DESCRIPTION OF THE DRAWINGS

The foregoing aspects and many of the attendant advantages of the claimed subject matter will become more readily appreciated as the same become better understood by reference to the following detailed description, when taken in conjunction with the accompanying drawings, wherein:

FIG. 1 is an overview schematically illustrating a measurement system according to an embodiment of the present disclosure;

FIG. 2 is an overview schematically illustrating a measurement system according to another embodiment of the present disclosure;

FIG. 3 is an overview schematically illustrating aspects of a measurement system according to an embodiment of the present disclosure;

FIG. 4 is an overview schematically illustrating a user equipment according to an embodiment of the present disclosure;

FIG. 5 is an overview illustrating a setup for emulating and determining a polarization mismatch in non-terrestrial communication systems according to an embodiment of the present disclosure;

FIG. 6 is diagram illustrating in tabular form how different types of polarization mismatch relate to a loss in measured power; and

FIG. 7 is an overview schematically illustrating a moving satellite and a resulting temporal dependence of iononspheric Faraday rotation.

DETAILED DESCRIPTION

The detailed description set forth below in connection with the appended drawings, where like numerals reference like elements, is intended as a description of various embodiments of the disclosed subject matter and is not intended to represent the only embodiments. Each embodiment described in this disclosure is provided merely as an example or illustration and should not be construed as preferred or advantageous over other embodiments. The illustrative examples provided herein are not intended to be exhaustive or to limit the claimed subject matter to the precise forms disclosed.

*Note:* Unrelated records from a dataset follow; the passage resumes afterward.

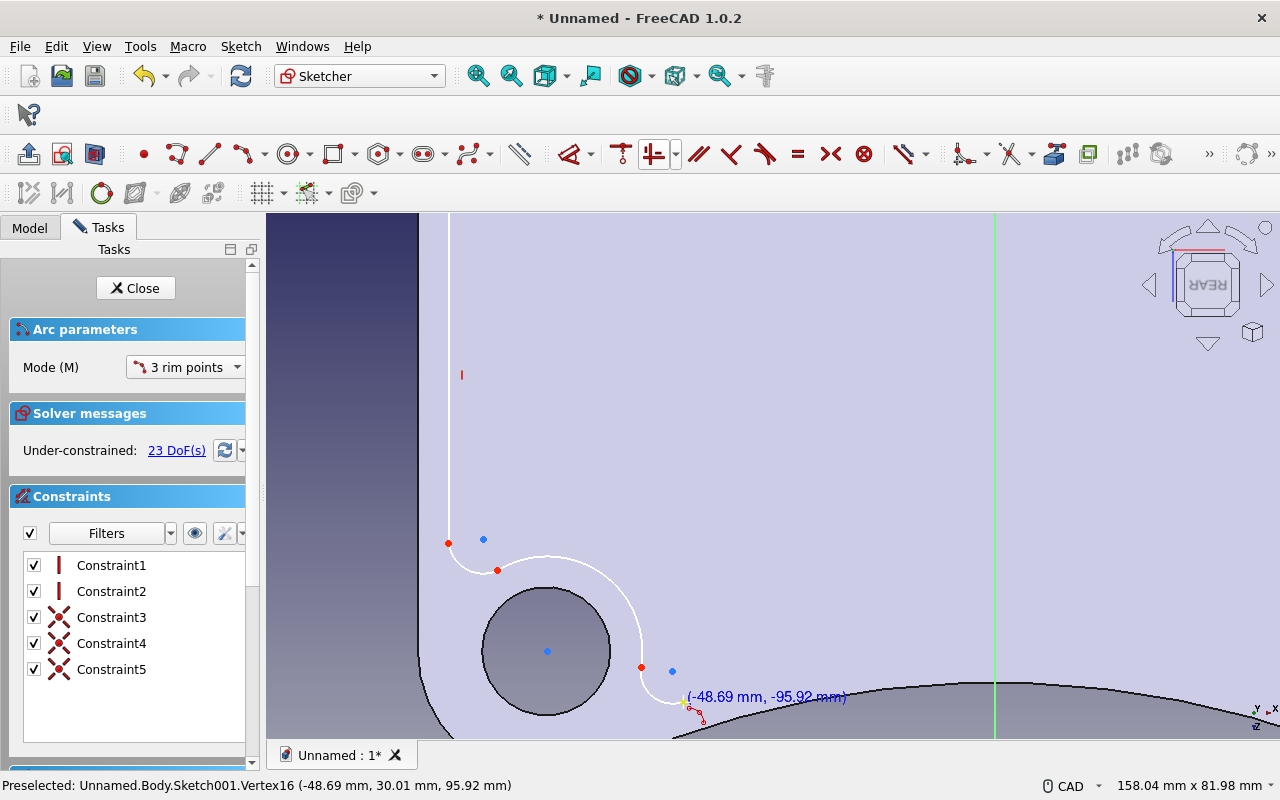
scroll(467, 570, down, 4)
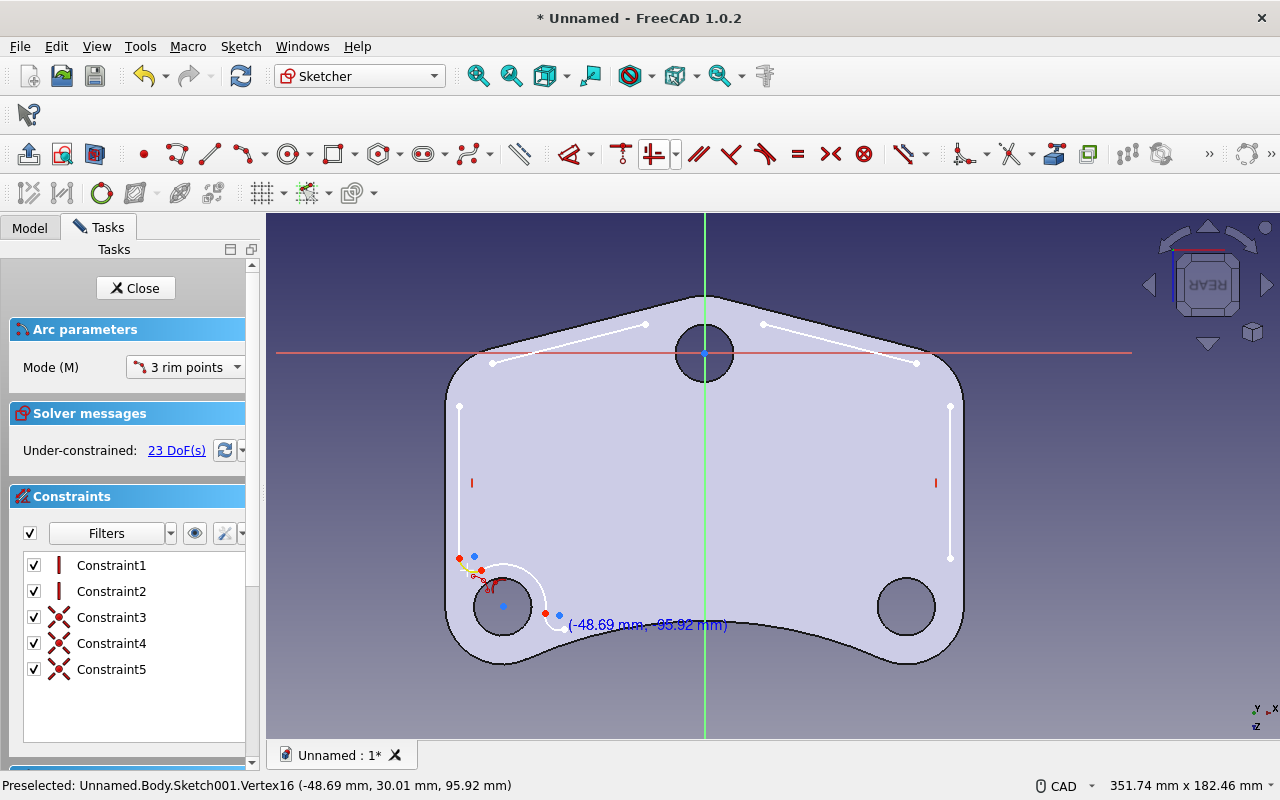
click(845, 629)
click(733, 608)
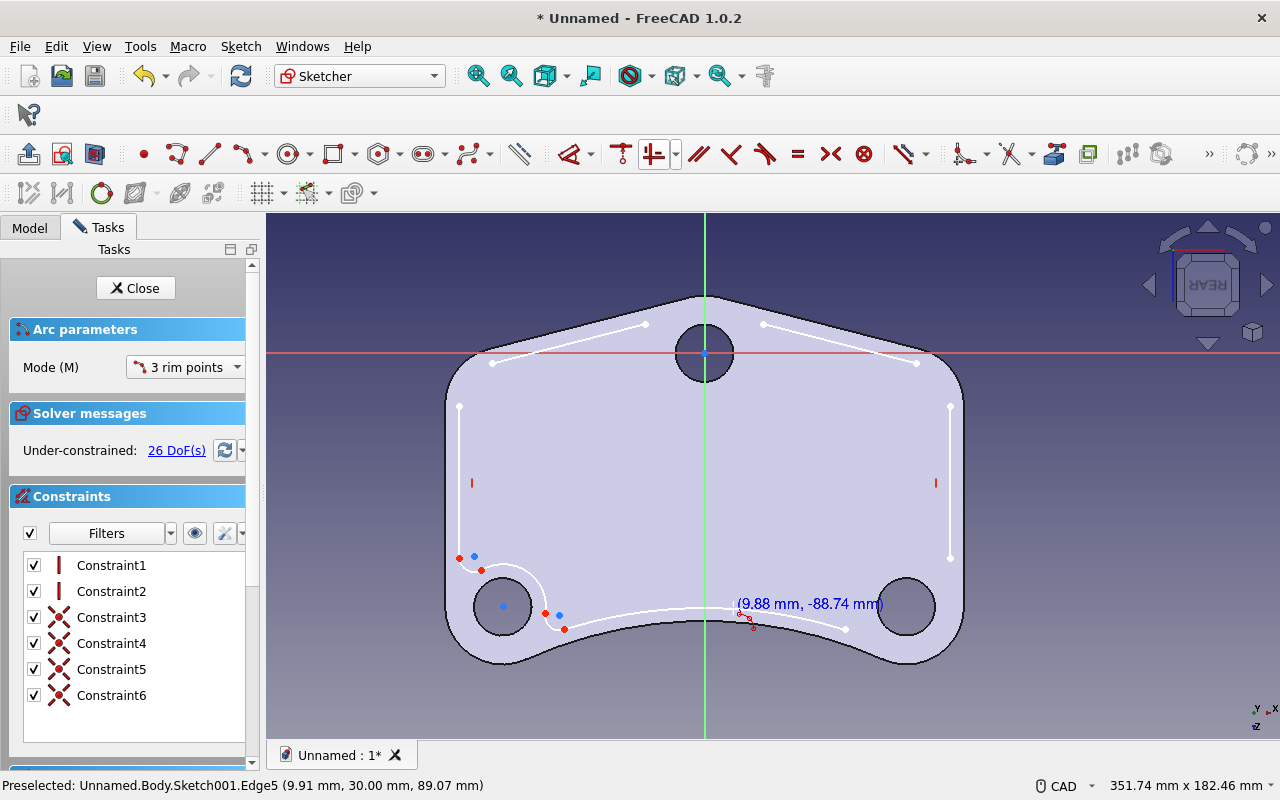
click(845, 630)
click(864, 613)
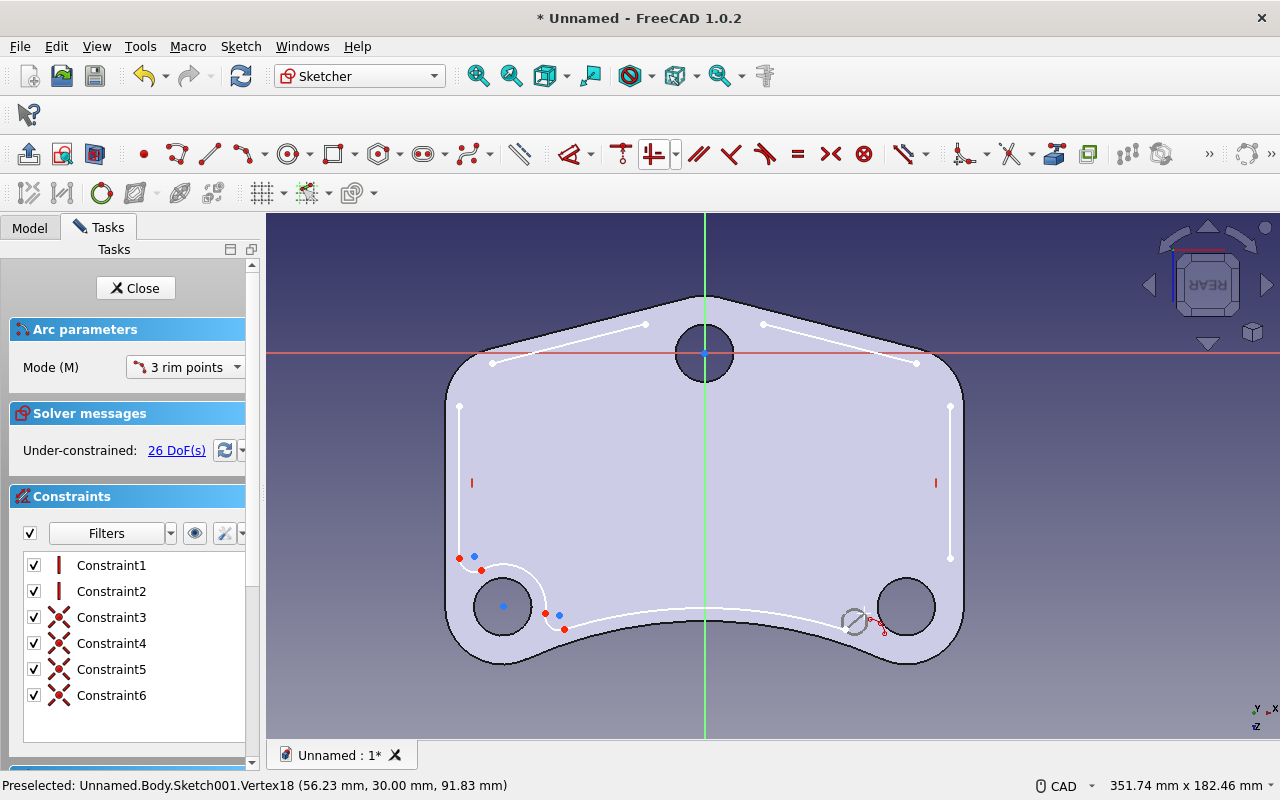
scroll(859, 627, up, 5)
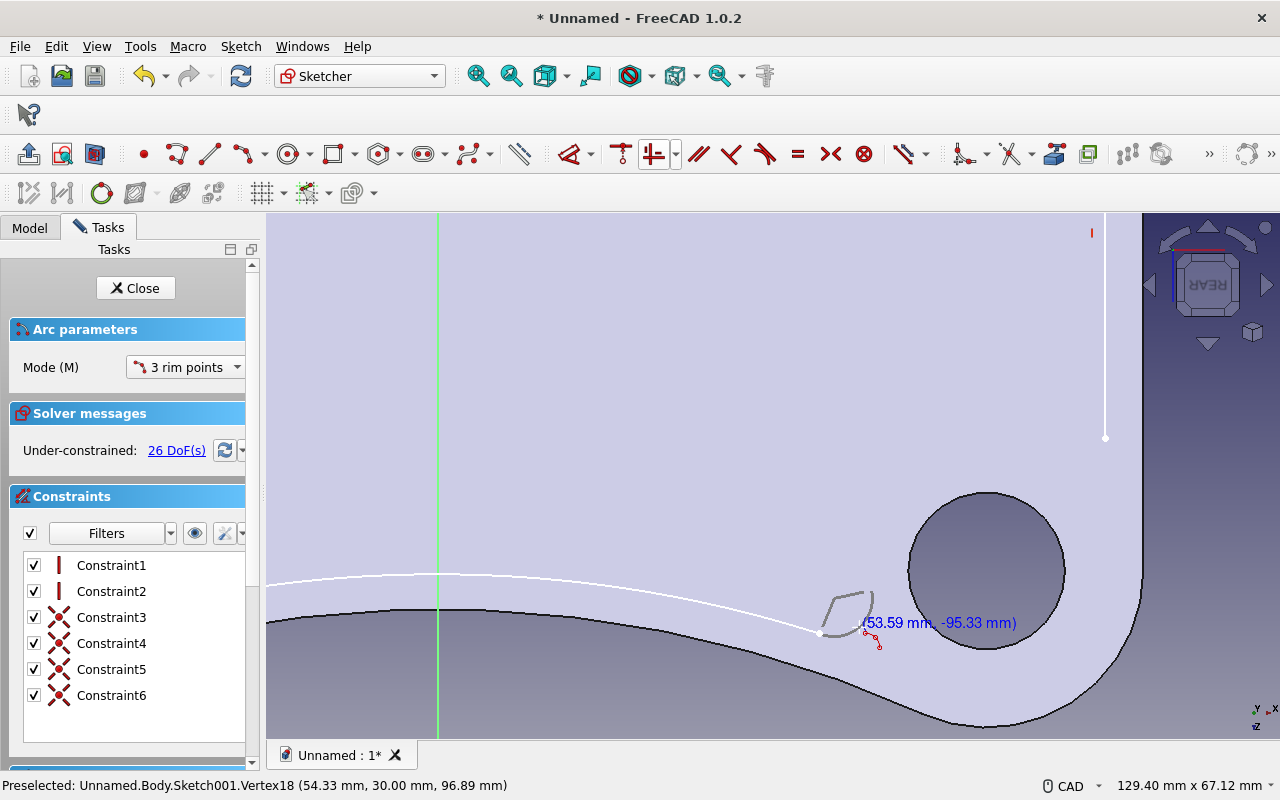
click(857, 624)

In the context of the present disclosure, a non-terrestrial network may especially be understood as a 5G non-terrestrial network, for example as defined in the 3GPP specification 38 series. Satellite access in 5G was first introduced in Release 17 thereof and further integrated in Release 18. Frequency ranges associated with 5G non-terrestrial networks comprise e.g. frequencies between 1525 and 2500 MHz (non-terrestrial Frequency Range 1) as well as between 17.3 to 30.0 GHz (non-terrestrial Frequency Range 2).

FIG. 1 is an overview schematically illustrating an example of a measurement system 10 for over-the-air testing of a device 12 for non-terrestrial networks (NTNs). As shown in FIG. 1, the measurement system 10 comprises an anechoic chamber 14. The device 12 for non-terrestrial networks is located within the anechoic chamber 14.

In an embodiment, the measurement system 10 further comprises two transmission antennas 16 provided in the anechoic chamber 14. Each of the transmission antennas 16 is configured to transmit a source signal 18. The measurement system 10 may also include an optional reflector 20. If included, the reflector 20 is positioned within the anechoic chamber 14 such that signals impinging on the reflector 20 are reflected towards the device 12. Hence, far-field signals can be simulated in a simplified manner, as the traveling distance is extended by the reflector 20.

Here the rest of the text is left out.